Зелимхан лежал, уткнувшись лицом в кашицу из снега. Четыре пулевых отверстия дымились в его казенной куртке из плотной ткани. Стилет тут же склонился над распростертым на земле чеченцем — как угодно, но только бы больше не стреляли, он обязан не допустить стрельбы, — закрывая его своим телом и подняв руку. В руке ничего не было. К ним приближалась группа спецназа, и Стилет понял, что это свои. Тот самый старлей, о нем предупредил Дед. Стилет обернулся — майор Бондаренко и трое автоматчиков бежали по дороге. Почему они не били из «Калашникова»?

— Не стреляйте, — попросил Стилет. Он понял, что обе группы будут здесь одновременно.

— Задержание особо опасных преступников! — кричал майор Бондаренко.

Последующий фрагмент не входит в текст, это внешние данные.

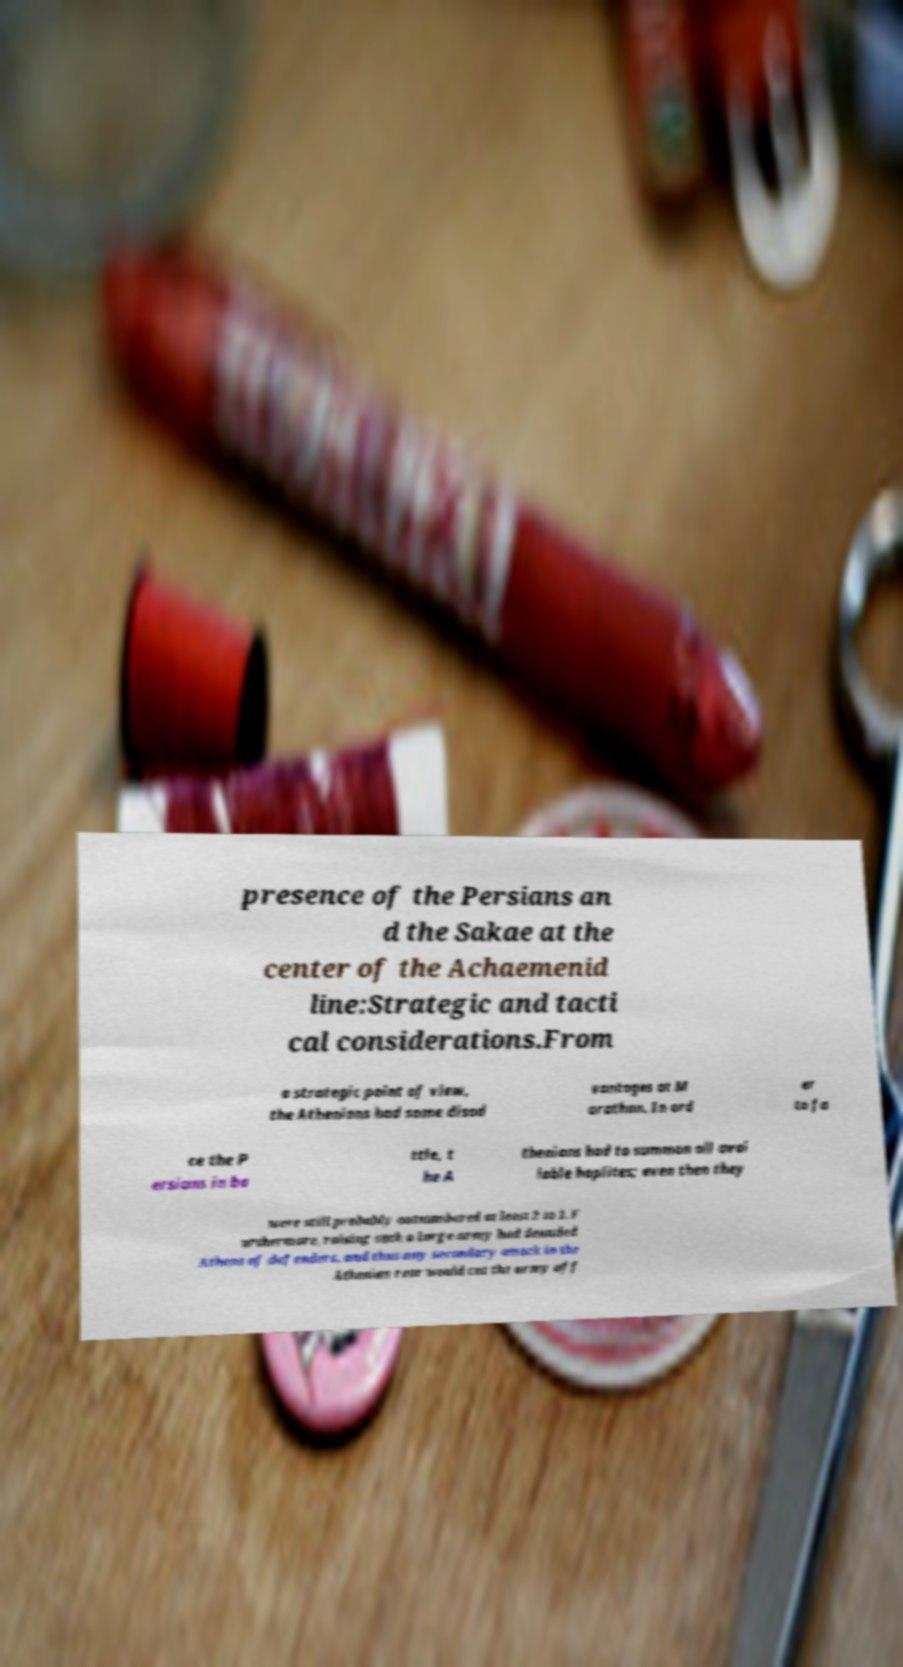Please identify and transcribe the text found in this image. presence of the Persians an d the Sakae at the center of the Achaemenid line:Strategic and tacti cal considerations.From a strategic point of view, the Athenians had some disad vantages at M arathon. In ord er to fa ce the P ersians in ba ttle, t he A thenians had to summon all avai lable hoplites; even then they were still probably outnumbered at least 2 to 1. F urthermore, raising such a large army had denuded Athens of defenders, and thus any secondary attack in the Athenian rear would cut the army off

Все же почему они не били из «Калашникова»? Тогда — все, конец. Но это был звук пистолетных выстрелов… А ты игрок, майор Бондаренко. Значит, «особо опасных преступников»… Зелимхана тебе мало, решил еще и со мной разобраться, голубь… и это после того, как Деду удалось все остановить. Похоже, чеченец прав, в этой истории совсем другой след. Пристрелить бы тебя, суку, да можно от своих пулю схлопотать…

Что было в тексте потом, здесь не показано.